If you remove the final layer (human validation), you have a dangerous system. If you remove the initial layer (human context), you have a useless one.
Conclusion: Stop Looking for the Mind, Start Driving the Engine
The mistake we make with AI is not technological; it is psychological. It is an error of recognition. We look at the fluid output of GPT, and our ancient social brains scream, “There is someone in there!”
But there is no one. There is only a magnificent, powerful statistical mirror.
Recognizing Semantic Pareidolia is the first step to becoming a better Data Scientist in the generative era. It frees us from the illusion that the machine “knows” what it is doing and hands back the responsibility we tried to delegate.
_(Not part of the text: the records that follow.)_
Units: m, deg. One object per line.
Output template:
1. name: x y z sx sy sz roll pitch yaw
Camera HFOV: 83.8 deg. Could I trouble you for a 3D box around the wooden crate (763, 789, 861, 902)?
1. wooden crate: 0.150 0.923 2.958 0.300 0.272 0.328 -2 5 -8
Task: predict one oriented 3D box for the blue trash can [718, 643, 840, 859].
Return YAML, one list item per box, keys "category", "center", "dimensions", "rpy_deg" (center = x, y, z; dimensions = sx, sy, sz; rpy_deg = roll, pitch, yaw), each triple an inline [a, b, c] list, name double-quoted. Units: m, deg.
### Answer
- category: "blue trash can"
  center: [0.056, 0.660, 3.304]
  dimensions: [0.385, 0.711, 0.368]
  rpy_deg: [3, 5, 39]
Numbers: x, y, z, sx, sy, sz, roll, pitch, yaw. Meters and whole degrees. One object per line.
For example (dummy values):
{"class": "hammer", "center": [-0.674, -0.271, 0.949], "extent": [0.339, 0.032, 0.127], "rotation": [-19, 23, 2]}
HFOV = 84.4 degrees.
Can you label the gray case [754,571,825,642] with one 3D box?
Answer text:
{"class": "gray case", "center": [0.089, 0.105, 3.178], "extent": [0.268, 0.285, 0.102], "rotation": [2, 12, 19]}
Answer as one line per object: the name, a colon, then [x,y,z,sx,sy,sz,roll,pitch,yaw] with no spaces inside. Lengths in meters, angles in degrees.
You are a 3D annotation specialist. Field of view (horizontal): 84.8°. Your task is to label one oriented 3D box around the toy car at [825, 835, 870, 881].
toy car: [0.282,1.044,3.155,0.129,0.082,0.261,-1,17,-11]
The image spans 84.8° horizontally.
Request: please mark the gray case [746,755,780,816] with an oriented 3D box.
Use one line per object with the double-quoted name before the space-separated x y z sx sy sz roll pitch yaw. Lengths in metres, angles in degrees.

AI is the steam engine of our time: an unprecedented multiplier of Agency. But just as an engine does not decide the destination, an LLM does not decide what holds meaning. That decision — the distinction between syntax and truth, between probability and value — remains, and must remain, firmly in our hands.
References
- Floridi, L. (2023). AI as Agency Without Intelligence: on ChatGPT, Large Language Models, and Other Generative Models.[1] Philosophy & Technology, 36.
- Shumailov, I., et al. (2023). The Curse of Recursion: Training on Generated Data Makes Models Forget. arXiv preprint.
- Weizenbaum, J. (1966). ELIZA — a computer program for the study of natural language communication between man and machine.[5] Communications of the ACM, 9(1).
- Wei, J., et al. (2023). Simple synthetic data reduces sycophancy in large language models. Google DeepMind.
- Wittgenstein, L. (1953). Philosophical Investigations. Blackwell.